The Fitness Landscape for Antibodies (FLAb) is the largest publicly available therapeutic antibody dataset designed to train and benchmark protein AI models. It provides open-access, high-quality developability data on diverse therapeutic properties — expression, thermostability, immunogenicity, aggregation, polyreactivity, binding affinity, and pharmacokinetics — spanning 241 datasets and over 3 million antibody assay data points aggregated from public studies.
Each dataset is a CSV with heavy (and optionally light) amino acid sequence columns and a fitness column containing the experimental assay value. Additional metadata columns may also be present.
A web interface to FLAb can be found here.
FLAb/
├── data/ # 241 datasets in 7 therapeutic property categories
├── models/ # Scoring scripts (zero-shot, few-shot, ablation)
├── score/ # Zero-shot scored outputs per model
├── score_ft/ # Few-shot scored outputs per model
├── score_ablation/ # Ablation study outputs (empty — runs pending)
└── envs/ # Conda environment YAML files
Datasets are organized by therapeutic property under data/. Each category folder has its own README describing each dataset (size, assay units, publication, license, direction of favorable values).
See data/README.md for the full dataset index.
data/
├── aggregation/ (31 datasets)
├── binding/ (132 datasets)
├── expression/ (7 datasets)
├── immunogenicity/ (4 datasets)
├── pharmacokinetics/ (9 datasets)
├── polyreactivity/ (33 datasets)
└── thermostability/ (25 datasets)
Format: Each CSV has at minimum heavy and fitness columns. Two-chain antibodies also have light. Nanobody datasets have heavy only. Fifteen datasets have non-standard fitness column names (jain2024assessment_*, kirby2024retrospective_*) and are kept as reference but excluded from automated scoring.
All scoring scripts live in models/ and are run from the FLAb/ root directory. See models/README.md for full details.

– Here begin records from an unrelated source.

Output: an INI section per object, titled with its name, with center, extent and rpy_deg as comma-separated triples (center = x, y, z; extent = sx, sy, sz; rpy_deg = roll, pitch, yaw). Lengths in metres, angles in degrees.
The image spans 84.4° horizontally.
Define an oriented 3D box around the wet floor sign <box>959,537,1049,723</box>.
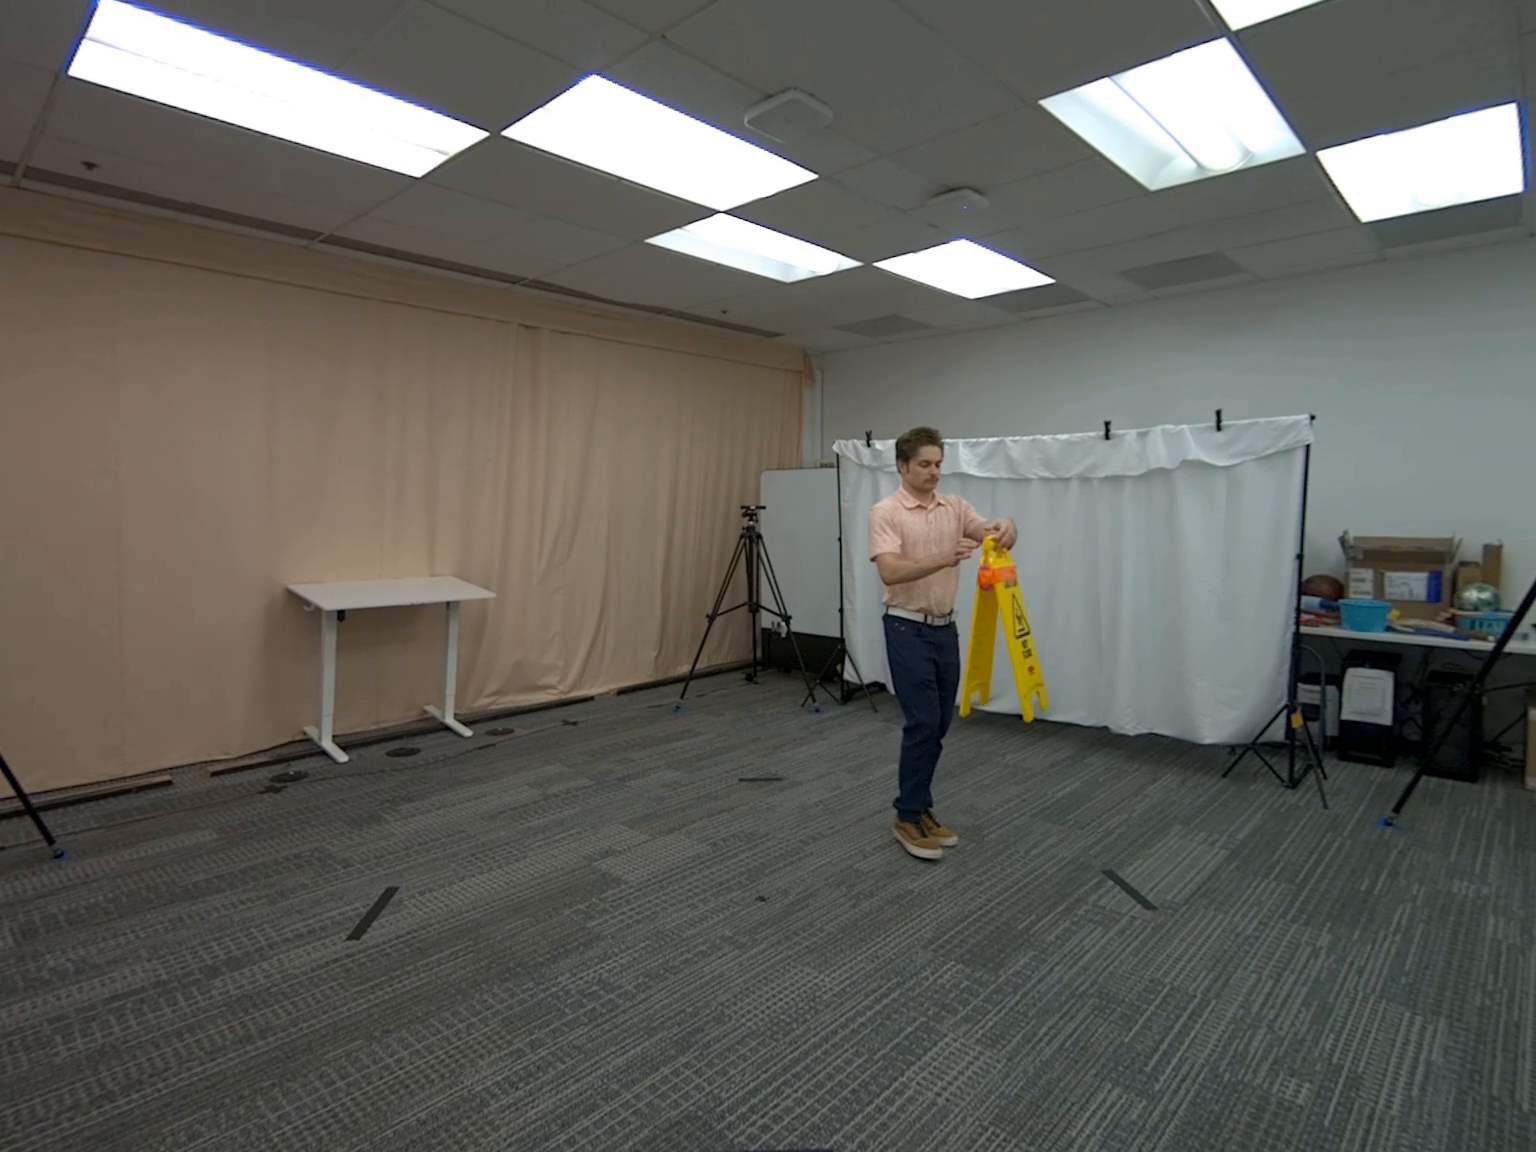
[wet floor sign]
center = 0.855, 0.178, 3.098
extent = 0.298, 0.645, 0.274
rpy_deg = -2, 3, 35

Each scoring_*.py script takes a single dataset and a method name:
python models/scoring_esm2_150M.py data/binding/hie2023efficient_CoV2_S309_Kd.csv esm2_150M_scoreOutput is written to score/{method_name}/{category}_{dataset}.csv.gz with columns:
folder, csv, {method}, {method}_pval, {method}_ld, {method}_ld_pval
Available zero-shot models: antiberty, iglm, ld_score, esm2_{8M,35M,150M,650M,3B}, esm2_15B, bp_{aromaticity,average_flexibility,charge_at_7_4,gravy,instability_index,isoelectric_point,molecular_weight}, ism_{3B_uc30,650M_uc30,650M_uc30pdb}, progen2_{151M_small,2p7B_bfd90,2p7B_large,6p4B_xlarge,764M_{base,medium,oas}}, pyrosetta, abmpnn, chai1, esmif, igfold, proteinmpnn
Few-shot scripts use an 80/10/10 train/val/test split and output to score_ft/ft_{model}/:
python models/ft_scoring_esm2_150M.py data/binding/hie2023efficient_CoV2_S309_Kd.csv ft_esm2_150M_scoreAvailable few-shot models: ft_{antiberty,esm2_{8M,35M,150M,650M,3B},esmif,igfold2_{bert,gt,structure},ism_{3B,650M_uc30,650M_uc30pdb},onehot}
Pre-computed few-shot results are in score_ft/ft_combined_data.csv.

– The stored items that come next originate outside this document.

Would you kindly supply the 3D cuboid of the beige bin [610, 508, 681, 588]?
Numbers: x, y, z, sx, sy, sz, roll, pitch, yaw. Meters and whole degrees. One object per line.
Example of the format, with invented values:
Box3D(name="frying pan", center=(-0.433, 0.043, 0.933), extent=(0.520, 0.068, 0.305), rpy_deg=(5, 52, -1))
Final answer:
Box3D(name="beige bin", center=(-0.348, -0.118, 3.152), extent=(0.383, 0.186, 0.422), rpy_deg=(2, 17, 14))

Create a conda environment for each scoring method:
conda env create --name ENV_NAME --file envs/ENV.ymlAvailable environments: antiberty.yml, esmif.yml, iglm.yml, mpnn.yml, progen.yml, pyrosetta.yml
Model weights (ISM, ProGen2, AbMPNN, ProteinMPNN) are expected at ~/models/. See models/README.md for exact paths.
FLAb is a living benchmark. To contribute data or models, submit a pull request or email mchungy1@jhu.edu.
For bugs, open a GitHub issue.
@article{chungyoun2025flab2,
title = {Fitness Landscape for Antibodies 2: Benchmarking Reveals That Protein AI Models Cannot Yet Consistently Predict Developability Properties},
author = {Chungyoun, Michael and Gray, Jeffrey},
journal = {bioRxiv},
doi = {https://doi.org/10.64898/2025.12.27.696706},
year = {2025}
}Dataset licenses are listed in data/README.md.